US Secretary of State Condoleezza Rice said in a statement from the emergency meeting of NATO foreign ministers that the military alliance was "not going to permit a new line to be drawn in Europe".

"It's time for the Russian president to keep his word to withdraw back to the status quo ante of August 6-7," before fighting broke out in the Georgian breakaway region of South Ossetia, Rice said.

By Tuesday evening, Russian President Dmitry Medvedev promised that the withdrawal of his troops would be complete by Friday, with the exception of 500 troops as a security measure for the local population. Medvedev had first promised a withdrawal more than one week ago.

NATO decided to create a new commission for dialogue with membership-hopeful Georgia.

While welcoming the move, Georgia's Deputy Prime Minister Giorgi Baramidze said that the NATO decision on Russia could not be an "isolated" statement and must mark the beginning of a political process within the alliance to make it clear to Moscow there will be a price to be paid for the invasion.

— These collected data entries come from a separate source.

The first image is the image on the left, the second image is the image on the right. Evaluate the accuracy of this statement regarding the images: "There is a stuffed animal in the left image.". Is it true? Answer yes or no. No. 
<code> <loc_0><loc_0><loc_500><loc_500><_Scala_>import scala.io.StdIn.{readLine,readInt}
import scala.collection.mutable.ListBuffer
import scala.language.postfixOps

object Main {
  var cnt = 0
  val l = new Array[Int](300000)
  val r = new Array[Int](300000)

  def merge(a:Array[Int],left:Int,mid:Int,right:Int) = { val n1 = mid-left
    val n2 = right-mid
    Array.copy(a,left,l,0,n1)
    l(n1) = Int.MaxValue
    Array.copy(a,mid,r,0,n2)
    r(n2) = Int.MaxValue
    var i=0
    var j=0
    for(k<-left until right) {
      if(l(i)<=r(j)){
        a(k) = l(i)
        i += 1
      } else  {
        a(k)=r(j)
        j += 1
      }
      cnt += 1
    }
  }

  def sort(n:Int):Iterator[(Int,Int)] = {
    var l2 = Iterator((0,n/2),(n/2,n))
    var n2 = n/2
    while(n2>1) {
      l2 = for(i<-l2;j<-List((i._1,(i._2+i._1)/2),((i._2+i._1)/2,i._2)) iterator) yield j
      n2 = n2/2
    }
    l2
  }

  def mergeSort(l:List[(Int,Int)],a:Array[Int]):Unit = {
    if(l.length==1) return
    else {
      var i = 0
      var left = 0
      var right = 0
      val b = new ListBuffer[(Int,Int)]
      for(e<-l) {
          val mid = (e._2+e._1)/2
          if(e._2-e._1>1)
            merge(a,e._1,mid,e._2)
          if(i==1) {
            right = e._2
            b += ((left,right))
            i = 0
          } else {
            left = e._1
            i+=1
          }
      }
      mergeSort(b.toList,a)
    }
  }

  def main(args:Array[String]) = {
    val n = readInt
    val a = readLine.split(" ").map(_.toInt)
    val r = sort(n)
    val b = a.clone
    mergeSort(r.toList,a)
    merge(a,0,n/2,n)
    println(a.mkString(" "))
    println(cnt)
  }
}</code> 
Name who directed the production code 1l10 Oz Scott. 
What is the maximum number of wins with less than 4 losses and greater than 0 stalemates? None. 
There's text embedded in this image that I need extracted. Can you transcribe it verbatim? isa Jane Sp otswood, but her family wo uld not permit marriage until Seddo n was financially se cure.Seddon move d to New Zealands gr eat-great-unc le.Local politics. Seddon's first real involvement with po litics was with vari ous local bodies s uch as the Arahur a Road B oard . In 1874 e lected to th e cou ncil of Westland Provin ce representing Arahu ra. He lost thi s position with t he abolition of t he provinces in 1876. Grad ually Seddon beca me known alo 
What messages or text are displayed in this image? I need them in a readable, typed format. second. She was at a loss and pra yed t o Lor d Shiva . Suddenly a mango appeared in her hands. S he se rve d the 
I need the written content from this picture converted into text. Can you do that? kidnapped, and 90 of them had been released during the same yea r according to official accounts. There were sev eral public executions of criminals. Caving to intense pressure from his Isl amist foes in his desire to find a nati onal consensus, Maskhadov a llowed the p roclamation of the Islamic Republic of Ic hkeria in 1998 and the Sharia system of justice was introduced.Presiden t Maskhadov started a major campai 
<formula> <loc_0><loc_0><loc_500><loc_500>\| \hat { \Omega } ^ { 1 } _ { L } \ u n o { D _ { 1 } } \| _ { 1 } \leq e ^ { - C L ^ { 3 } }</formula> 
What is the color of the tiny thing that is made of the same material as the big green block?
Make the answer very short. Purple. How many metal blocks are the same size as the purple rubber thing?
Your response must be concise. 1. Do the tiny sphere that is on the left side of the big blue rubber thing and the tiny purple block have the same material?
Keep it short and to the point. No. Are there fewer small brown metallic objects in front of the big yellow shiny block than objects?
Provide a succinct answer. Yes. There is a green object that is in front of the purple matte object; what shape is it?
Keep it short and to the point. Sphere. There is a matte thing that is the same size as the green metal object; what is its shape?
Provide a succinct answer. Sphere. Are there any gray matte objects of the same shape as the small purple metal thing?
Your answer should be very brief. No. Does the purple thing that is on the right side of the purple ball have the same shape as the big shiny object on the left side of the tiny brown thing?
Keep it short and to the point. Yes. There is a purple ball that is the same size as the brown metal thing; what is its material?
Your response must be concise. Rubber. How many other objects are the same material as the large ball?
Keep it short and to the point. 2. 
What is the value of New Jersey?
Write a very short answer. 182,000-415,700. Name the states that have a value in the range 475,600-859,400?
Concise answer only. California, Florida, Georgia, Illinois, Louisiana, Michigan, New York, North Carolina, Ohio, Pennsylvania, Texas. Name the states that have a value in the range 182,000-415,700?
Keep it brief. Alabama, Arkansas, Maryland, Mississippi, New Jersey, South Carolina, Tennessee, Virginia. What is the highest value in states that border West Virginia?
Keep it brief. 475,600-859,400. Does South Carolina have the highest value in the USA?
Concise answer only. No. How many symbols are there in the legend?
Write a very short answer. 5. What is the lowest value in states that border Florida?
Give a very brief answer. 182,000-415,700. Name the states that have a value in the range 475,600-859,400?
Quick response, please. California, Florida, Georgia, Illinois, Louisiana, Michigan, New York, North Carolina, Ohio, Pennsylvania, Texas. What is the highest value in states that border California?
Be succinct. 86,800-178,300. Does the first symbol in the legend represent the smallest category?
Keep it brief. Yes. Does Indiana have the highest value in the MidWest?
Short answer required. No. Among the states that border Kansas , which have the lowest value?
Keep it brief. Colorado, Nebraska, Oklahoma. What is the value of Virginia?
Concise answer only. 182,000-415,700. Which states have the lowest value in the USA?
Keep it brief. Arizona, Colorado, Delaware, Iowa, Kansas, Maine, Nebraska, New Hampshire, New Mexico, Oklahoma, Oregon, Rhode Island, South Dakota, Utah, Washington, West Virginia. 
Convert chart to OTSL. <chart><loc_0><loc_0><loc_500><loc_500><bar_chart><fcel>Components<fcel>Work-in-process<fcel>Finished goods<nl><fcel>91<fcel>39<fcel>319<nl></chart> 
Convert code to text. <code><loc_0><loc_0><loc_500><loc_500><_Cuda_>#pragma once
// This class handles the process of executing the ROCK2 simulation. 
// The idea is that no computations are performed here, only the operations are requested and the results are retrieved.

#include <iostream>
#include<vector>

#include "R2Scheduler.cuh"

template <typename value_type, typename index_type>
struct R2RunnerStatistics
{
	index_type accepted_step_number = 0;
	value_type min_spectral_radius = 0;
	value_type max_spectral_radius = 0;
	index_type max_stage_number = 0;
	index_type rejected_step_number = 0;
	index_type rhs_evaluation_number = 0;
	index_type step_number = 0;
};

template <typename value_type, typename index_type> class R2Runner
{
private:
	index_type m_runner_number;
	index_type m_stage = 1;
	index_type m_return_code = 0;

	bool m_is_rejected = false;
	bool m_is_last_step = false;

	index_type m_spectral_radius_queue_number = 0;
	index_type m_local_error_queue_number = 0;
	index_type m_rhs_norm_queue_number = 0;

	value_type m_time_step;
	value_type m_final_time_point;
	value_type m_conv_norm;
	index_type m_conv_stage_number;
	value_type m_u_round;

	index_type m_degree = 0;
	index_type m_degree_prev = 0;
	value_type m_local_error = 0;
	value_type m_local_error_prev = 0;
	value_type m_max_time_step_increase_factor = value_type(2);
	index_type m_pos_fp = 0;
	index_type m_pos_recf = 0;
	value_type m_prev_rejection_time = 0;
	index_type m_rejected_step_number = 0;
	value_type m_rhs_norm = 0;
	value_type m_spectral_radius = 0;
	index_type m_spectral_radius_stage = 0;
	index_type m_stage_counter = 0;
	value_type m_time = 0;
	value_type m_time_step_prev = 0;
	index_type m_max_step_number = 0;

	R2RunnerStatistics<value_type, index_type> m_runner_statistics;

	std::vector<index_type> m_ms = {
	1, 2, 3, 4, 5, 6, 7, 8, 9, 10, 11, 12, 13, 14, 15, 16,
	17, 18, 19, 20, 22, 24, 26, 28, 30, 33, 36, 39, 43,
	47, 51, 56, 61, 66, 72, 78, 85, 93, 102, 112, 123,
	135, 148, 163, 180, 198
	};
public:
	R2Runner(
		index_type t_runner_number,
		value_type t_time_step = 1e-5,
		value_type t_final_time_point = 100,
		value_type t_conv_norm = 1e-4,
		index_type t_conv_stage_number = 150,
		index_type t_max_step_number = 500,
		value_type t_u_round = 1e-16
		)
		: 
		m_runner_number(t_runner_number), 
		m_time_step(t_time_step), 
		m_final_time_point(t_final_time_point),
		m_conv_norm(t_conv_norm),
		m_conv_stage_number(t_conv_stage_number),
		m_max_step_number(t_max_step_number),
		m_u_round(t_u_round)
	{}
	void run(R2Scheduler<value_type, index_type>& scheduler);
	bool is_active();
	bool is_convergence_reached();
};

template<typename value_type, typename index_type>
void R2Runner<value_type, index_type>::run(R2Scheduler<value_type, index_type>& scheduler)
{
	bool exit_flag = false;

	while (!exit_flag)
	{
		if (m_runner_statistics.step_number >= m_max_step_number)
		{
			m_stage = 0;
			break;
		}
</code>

The UN Security Council in New York for the first time drew up a draft resolution to demand "full and immediate" compliance with the agreed ceasefire in the Caucasus conflict.

Defending its slow withdrawal, the Russian military said it was proceeding cautiously to avoid creating a power vacuum that could lead to further violence in northern Georgia.

"We clearly state that we will fulfil our obligations agreed to in the six-point plan, but we shall do so at a tempo dictated by conditions on the ground," Deputy Chief of Staff Anatoly Nogovytsyn said.

In a conciliatory step, Russia agreed to the stationing of 20 military observers from the Organisation for Security and Cooperation in Europe (OSCE) to be deployed immediately to an area adjacent to South Ossetia.

After all the warnings, threats and promises, at the end of Tuesday, Russian troops remained fully in control of enclaves in the undisputed Georgian cities of Gori and Poti, with forward troops continuing to improve their positions.

Russian forces were permitting Georgian civilian vehicles and foot traffic along most but not all roads in their sectors of control, and were searching travellers for weapons.

Moscow released a list of Georgian military equipment captured in the conflict, including 65 tanks, more than 30 other armoured vehicles, Osa anti-aircraft systems, Czech-built self-propelled Howitzers and more than 2,000 rifles and machine guns.

"We will not give any of it back," said Ivan Konashekov, a Kremlin spokesman. "We will use it ourselves or destroy it."

Belgium’s stand
Belgium was one of the countries taking a more moderate stand at the meeting. Foreign Minister Karel De Gucht (Flemish liberal) said before the meeting that he wanted to keep communication channels with Russia open.